Participating Centers: AFRC, JSC, LaRC

Scope Title:

Hot Structures Technology for Aerospace Vehicles

Scope Description:

This subtopic deals with the development of reusable nonmetallic hot structure technology for structural components exposed to extreme heating environments on aerospace vehicles. Desired hot structure systems encompass multifunctional structures that can reduce or eliminate the need for active cooling or separate thermal protection system (TPS) materials. The potential advantages of using hot structure systems in place of actively cooled structures or a TPS with underlying cool structure include reduced mass, increased mission performance (such as reusability), improved aerodynamics for aeroshell components, improved structural efficiency, and increased ability for nondestructive inspections. Hot structure is an enabling technology for reusability between missions or mission phases, such as advanced propulsion systems requiring multiple engine firings and vehicles requiring aerocapture/aerobraking followed by entry, descent, and landing. The development of hot structure technology for (a) combustion-device liquid rocket engine propulsion systems and (b) aerodynamic structures for aeroshells, control surfaces, wing leading edges, and heatshields is of great interest. Examples of prior flight-proven hot structures include: (a) the nozzle extension for the Centaur RL10B-2 upper-stage rocket engine, and (b) wing leading edges and control surfaces for the Space Shuttle Orbiter, Hyper-X (X-43A), and/or X-37B.

 

This subtopic seeks to develop innovative, low-cost, damage-tolerant, reusable, and lightweight fiber-reinforced hot structure technology applicable to aerospace vehicles and components exposed to extreme temperatures. At a minimum, materials developed under this subtopic should be capable of operating at a temperature of at least 1,371 °C (2,500 °F)—higher temperatures are of even greater interest, such as up to 2,204+ °C (4,000+ °F). These aerospace vehicle applications are unique in requiring the hot structure to carry primary structure vehicle loads and to be reusable after exposure to extreme temperatures during liquid rocket engine firings and/or atmospheric entry. The material systems of interest for use in developing hot structure technology include advanced carbon-carbon (C-C) and ceramic matrix composite (CMC) materials. Potential applications of interest for hot structure technology include: (a) propulsion system components (hot-gas valves, combustion chambers, and nozzle extensions), and (b) primary load-carrying aeroshell structures, control surfaces, leading edges, and heatshields.
 

Proposals should present approaches to address the current need for improvements in operating temperature capability, toughness/durability, reusability, and material system properties, as well as the need to reduce cost and manufacturing time requirements.
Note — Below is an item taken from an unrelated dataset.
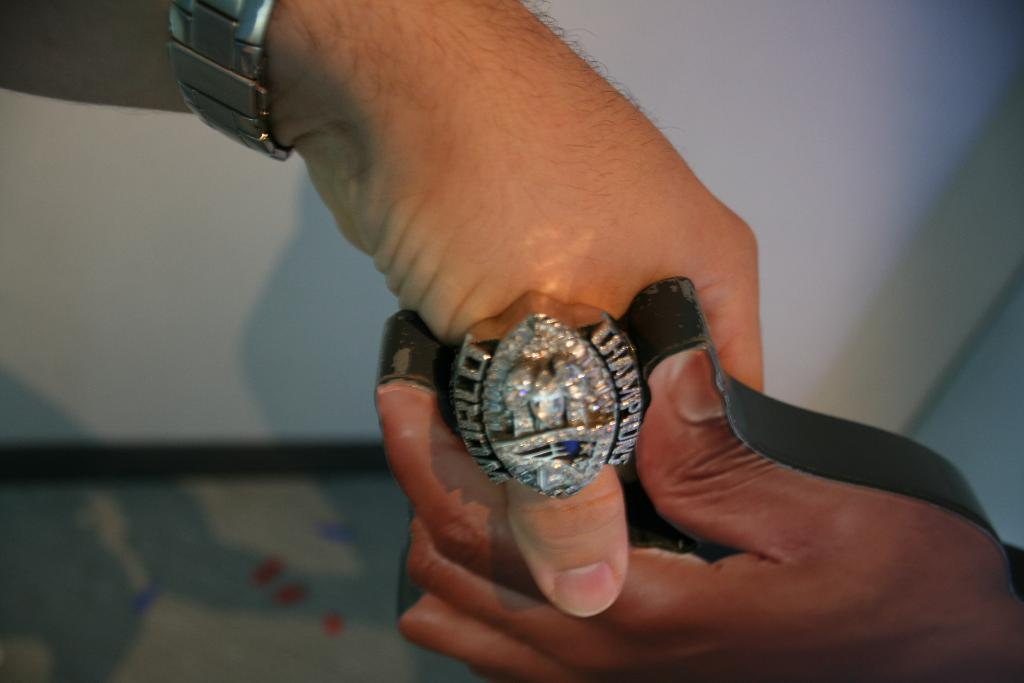<image>
Render a clear and concise summary of the photo. A piece of Jewelry covered in diamonds with Champions written on it.

Focus areas should address one or more of the following:

  • Improvements in manufacturing processes and/or material designs to achieve repeatable uniform material properties, while minimizing data scatter, that are representative of actual vehicle components: specifically, material property data obtained from flat-panel test coupons should correlate directly to the properties of prototype and flight test articles.
  • Material/structural architectures and multifunctional systems providing significant toughness and/or durability improvements over typical 2D interlaminar mechanical properties while maintaining in-plane and thermal properties when compared to state-of-the-art C-C or CMC materials. Examples include incorporating through-the-thickness stitching, braiding, or 3D woven preforms. Advancements in oxidation protection that enhance durability are also of interest: matrix inhibition, oxidation resistant matrices, exterior environmental coatings, etc.
  • Manufacturing process methods that enable a significant reduction in the cost and time required to fabricate materials and components. There is a great need to reduce cost and processing time for hot structure materials and components – current state-of-the-art materials are typically expensive and have fabrication times often in the range of 6 to 12 months, which can limit or exclude the use of such materials. Approaches enabling reduced costs and manufacturing times should not lead, however, to significant reductions in material properties. Advanced manufacturing methods may include but are not limited to the following: (a) rapid densification cycles, (b) high char-yield resins, (c) additive manufacturing (AM), and (d) automated weaving, braiding, layup, etc.
Expected TRL or TRL Range at completion of the Project: 2 to 4
Primary Technology Taxonomy:
    Level 1: TX 12 Materials, Structures, Mechanical Systems, and Manufacturing
    Level 2: TX 12.1 Materials

Desired Deliverables of Phase I and Phase II:
  • Prototype
  • Hardware
  • Research
  • Analysis

Desired Deliverables Description:

Research, testing, and analysis should be conducted to demonstrate technical feasibility during Phase I and show a path towards Phase II hardware demonstrations. Phase I feasibility studies should also address cost and the risks associated with the hot structures technology.

 

In addition to the final report, delivery of a representative sample(s) of the material and/or technology addressed by the Phase I project should be provided at the conclusion of the Phase I contract—for example: (a) coupons appropriate for thermal and/or mechanical material property tests, or (b) arc-jet test specimens. Plans for potential Phase II contracts should include the delivery of manufacturing demonstration units to NASA or a Commercial Space industry partner during Phase II. Testing of such test articles should be a part of the anticipated Phase II effort. Depending upon the emphasis of the Phase II work, such test articles may include subscale nozzle-extension test articles or arc-jet test specimens/hot structure components. 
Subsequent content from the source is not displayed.